Because you lament the lack of a multi-billion dollar fine when the title states that it's a $4B fine. This comes off as nonsensical and disconnected from reality, in a way that triggered "¯\_(ツ)_/¯, maybe it's GPT3".
With that said, I meant it as a joke, not a serious accusation. The likely explanation here is this comes down to the common case of human confusion.
As a tangential aside:
I can only conclude that due to the curse of knowledge, we collectively are overly paranoid about bot commenters on HN. I was just accused of being a bot just two or three days ago.
> Losing 5% of Google's annual profits will absolutely scare the shit out of them.
No it won't. We all know that this won't be the last of such violations from these big tech companies like Google which the EU is disputing and especially when Facebook paid a similar fine to the FTC years ago and is once again still violating the privacy of its users. So it is clear that they still wouldn't change even if the fine is as high as that.
The fact is, they are not scared of these fines. Setting them in the multi-billion dollars should be the standard and the minimum and continuous violations warrant a much higher significant fine than this generous discounted fine which Google knows it can easily afford to do it again.
For them, the violations is worth it and pays more than these so-called generous 'fines'.
> Because you lament the lack of a multi-billion dollar fine when the title states that it's a $4B fine. This comes off as nonsensical and disconnected from reality, in a way that triggered "¯\_(ツ)_/¯, maybe it's GPT3".
Except I already said that 'this' fine "needs to be much larger" and disagreed with the EU's 'generous' fine. I'm talking fines of over $10B dollars, which that still qualifies as 'multi-billions of dollars' and 'much larger' than the EU's small fine. I made myself perfectly clear on my whole point.

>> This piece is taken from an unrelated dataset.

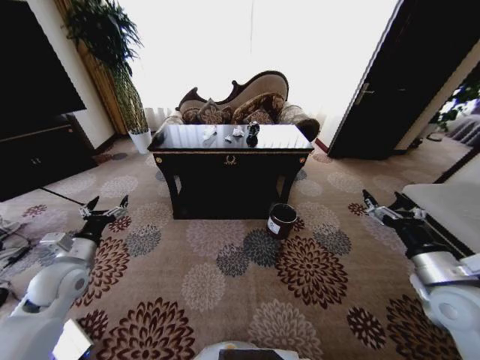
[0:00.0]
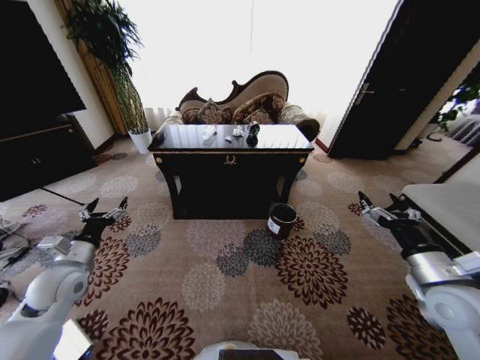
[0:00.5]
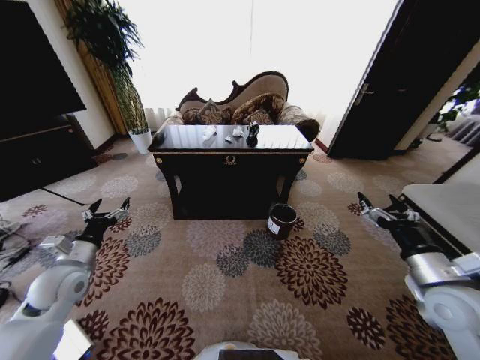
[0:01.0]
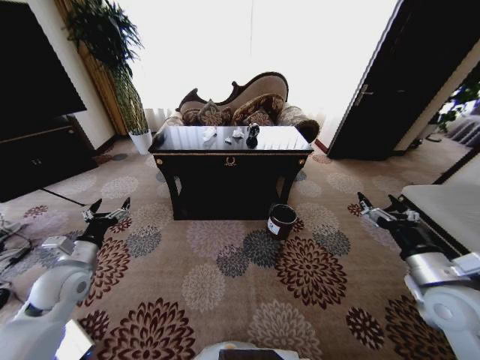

If the amount of the fine would deal a fatal or nearly fatal blow to the company, they'll simply exit the market and not pay. It's a balancing act.
I'm grateful for the EU setting a good example in this case: a fine which the perp feels is painful, without killing them. This is one proven path to rehabilitation.
Isn’t that the case with any fine collected by any government? Why are people suddenly so much against these types of fines when it’s the EU fining them?
By this criticism, are we to understand that you're against all fines collected by the government? Everything from parking tickets to penalties paid for crimes, misdemeanors, felonies by citizens etc? If that's the case, that seems like a very fringe perspective, consistent only with "all taxation is theft" flavored libertarianism.
EU is a democratically accountable institution, in theory (and also in practice) voters are able to affect the way these fines are used, and how they're collected. Yes, these fines are not going to be redistributed into EU citizens' pockets, but they will be used in ways that will benefit EU citizens one way or another.
"By decision of 18 July 2018, the Commission fined Google for having abused its dominant position by imposing anticompetitive contractual restrictions on manufacturers of mobile devices and on mobile network operators, in some cases since 1 January 2011. Three types of restriction were identified:
1. those contained in ‘distribution agreements’, requiring manufacturers of mobile devices to pre-install the general search (Google Search) and (Chrome) browser apps in order to be able to obtain a licence from Google to use its app store (Play Store);
2. those contained in ‘anti-fragmentation agreements’, under which the operating licences necessary for the pre-installation of the Google Search and Play Store apps could be obtained by mobile device manufacturers only if they undertook not to sell devices running versions of the Android operating system not approved by Google;
3. those contained in ‘revenue share agreements’, under which the grant of a share of Google’s advertising revenue to the manufacturers of mobile devices and the mobile network operators concerned was subject to their undertaking not to pre-install a competing general search service on a predefined portfolio of devices."